# Exercise directions
Copy out exactly the lines below that run from the one holding "Reply with one" to the one holding "Same task for the warning", keeping both of those lines and no others.

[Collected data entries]
--------------------------------------------------

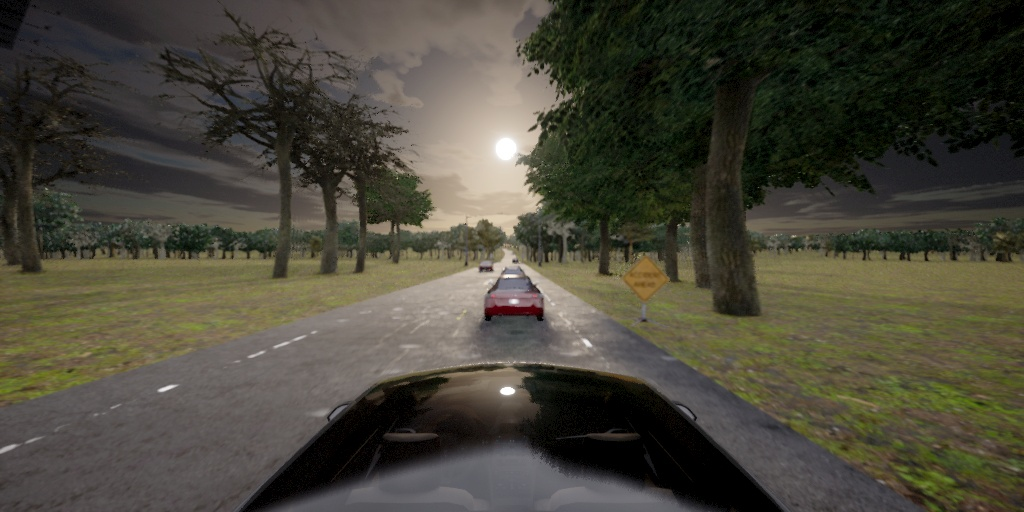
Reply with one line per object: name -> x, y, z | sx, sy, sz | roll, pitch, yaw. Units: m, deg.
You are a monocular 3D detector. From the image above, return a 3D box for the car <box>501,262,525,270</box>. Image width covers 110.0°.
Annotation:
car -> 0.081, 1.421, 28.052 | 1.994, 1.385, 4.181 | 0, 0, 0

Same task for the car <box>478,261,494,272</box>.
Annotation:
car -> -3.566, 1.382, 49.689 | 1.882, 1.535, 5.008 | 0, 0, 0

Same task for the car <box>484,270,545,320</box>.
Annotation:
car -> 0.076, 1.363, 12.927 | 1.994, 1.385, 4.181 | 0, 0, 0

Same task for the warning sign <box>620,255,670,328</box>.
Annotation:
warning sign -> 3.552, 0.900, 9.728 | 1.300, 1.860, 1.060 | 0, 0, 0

--------------------------------------------------

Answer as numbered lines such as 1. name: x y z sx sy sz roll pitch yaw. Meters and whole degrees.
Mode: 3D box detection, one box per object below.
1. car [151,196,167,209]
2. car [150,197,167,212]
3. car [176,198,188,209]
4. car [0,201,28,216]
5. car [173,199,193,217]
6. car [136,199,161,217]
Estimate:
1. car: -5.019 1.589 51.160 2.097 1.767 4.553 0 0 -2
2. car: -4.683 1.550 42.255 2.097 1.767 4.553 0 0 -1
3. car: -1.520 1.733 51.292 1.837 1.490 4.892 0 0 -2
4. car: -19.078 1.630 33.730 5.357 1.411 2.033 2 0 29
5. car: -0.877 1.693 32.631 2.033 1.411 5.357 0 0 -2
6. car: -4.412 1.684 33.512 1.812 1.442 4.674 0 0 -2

--------------------------------------------------

# Finished exercise
Reply with one line per object: name -> x, y, z | sx, sy, sz | roll, pitch, yaw. Units: m, deg.
You are a monocular 3D detector. From the image above, return a 3D box for the car <box>501,262,525,270</box>. Image width covers 110.0°.
Annotation:
car -> 0.081, 1.421, 28.052 | 1.994, 1.385, 4.181 | 0, 0, 0

Same task for the car <box>478,261,494,272</box>.
Annotation:
car -> -3.566, 1.382, 49.689 | 1.882, 1.535, 5.008 | 0, 0, 0

Same task for the car <box>484,270,545,320</box>.
Annotation:
car -> 0.076, 1.363, 12.927 | 1.994, 1.385, 4.181 | 0, 0, 0

Same task for the warning sign <box>620,255,670,328</box>.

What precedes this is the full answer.